The two most important pieces of equipment (besides a working power only unit, of course) are the container and chassis for intermodal runs. It’s important to inspect each of these for glaring issues to make sure the carrier, the truck, and the freight will be as safe as possible. For intermodal, since the container and chassis are both rail owned, any damage found prior to leaving the rail yard can get fixed and the driver won’t be charged. After leaving the rail, if there are any problems with the equipment that could compromise the cargo within the container, the driver may be rejected. Check out these tips for a container and chassis inspection here.
For an over-the-road trip, the long haul trucker will need to check the dry van (box that holds the freight) and the trailer unit that connects the tractor to the dry van. For both dry vans and intermodal drayage containers, it’s very important to inspect the inside of each for holes or other damage. As is the same for an intermodal load, if a carrier shows up with a damaged dry van, they will not be accepted by the warehouse.
The biggest similarity between intermodal trucking and over-the-road is when the carrier is actually on the road driving. Everyone is sharing the same road with the same rules with the same goal of delivering freight.
The main difference is distance. While an intermodal driver may travel anywhere from 50-500 miles in total (many loads are even less mileage), the over-the-road driver will keep going for hundreds to even thousands of miles. Traveling that far of a distance will require a layover at some point of the trip due to hours of service (HOS) rules. Freight is always traveling long distances, but with intermodal, the rail is taking up a majority of that mileage.
This leaves the question: where do you want to be when the trip is over? Hundreds of miles away or close enough to head back home?
Now that the trip is complete, it’s time to really take a look at how much the carrier is bringing in, and how much was spent on the trip. With ever fluctuating fuel prices, it’s hard to nail down an exact cost for both intermodal and over-the-road hauls.
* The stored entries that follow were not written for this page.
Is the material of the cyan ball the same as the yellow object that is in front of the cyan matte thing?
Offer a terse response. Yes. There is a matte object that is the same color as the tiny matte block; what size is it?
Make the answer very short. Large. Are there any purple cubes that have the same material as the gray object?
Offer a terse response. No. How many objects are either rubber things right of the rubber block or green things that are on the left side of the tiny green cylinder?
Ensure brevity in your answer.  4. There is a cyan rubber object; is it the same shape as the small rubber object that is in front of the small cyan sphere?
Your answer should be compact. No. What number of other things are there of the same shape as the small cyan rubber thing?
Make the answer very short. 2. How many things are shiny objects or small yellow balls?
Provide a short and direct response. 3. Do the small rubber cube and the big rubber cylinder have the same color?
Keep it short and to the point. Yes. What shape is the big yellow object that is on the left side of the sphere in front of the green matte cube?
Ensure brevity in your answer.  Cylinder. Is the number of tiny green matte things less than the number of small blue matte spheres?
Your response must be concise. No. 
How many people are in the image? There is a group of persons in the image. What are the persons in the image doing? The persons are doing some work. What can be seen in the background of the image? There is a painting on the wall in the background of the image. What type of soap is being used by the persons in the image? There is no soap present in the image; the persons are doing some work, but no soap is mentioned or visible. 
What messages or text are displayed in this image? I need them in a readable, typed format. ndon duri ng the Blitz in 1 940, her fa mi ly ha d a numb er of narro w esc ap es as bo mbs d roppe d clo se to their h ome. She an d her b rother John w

What can be said is that rates for intermodal tend to be higher per mile since the overall mileage is less than over-the-road. An over-the-road driver may gross more pay per trip, but when expenses come into play (wear and tear of the truck, repairs, fuel) that gross revenue starts to shrink. When diesel prices start rising, intermodal becomes a better deal for the carrier since less fuel is being used during the load, and drayage rates will eventually rise in response to the high price per gallon.
All in all: There are many intricacies in each form of trucking. The great thing is that when you’re an owner operator, you can try both! Whatever road you may take, we hope that this space has given you the information needed to keep running your business and running freight.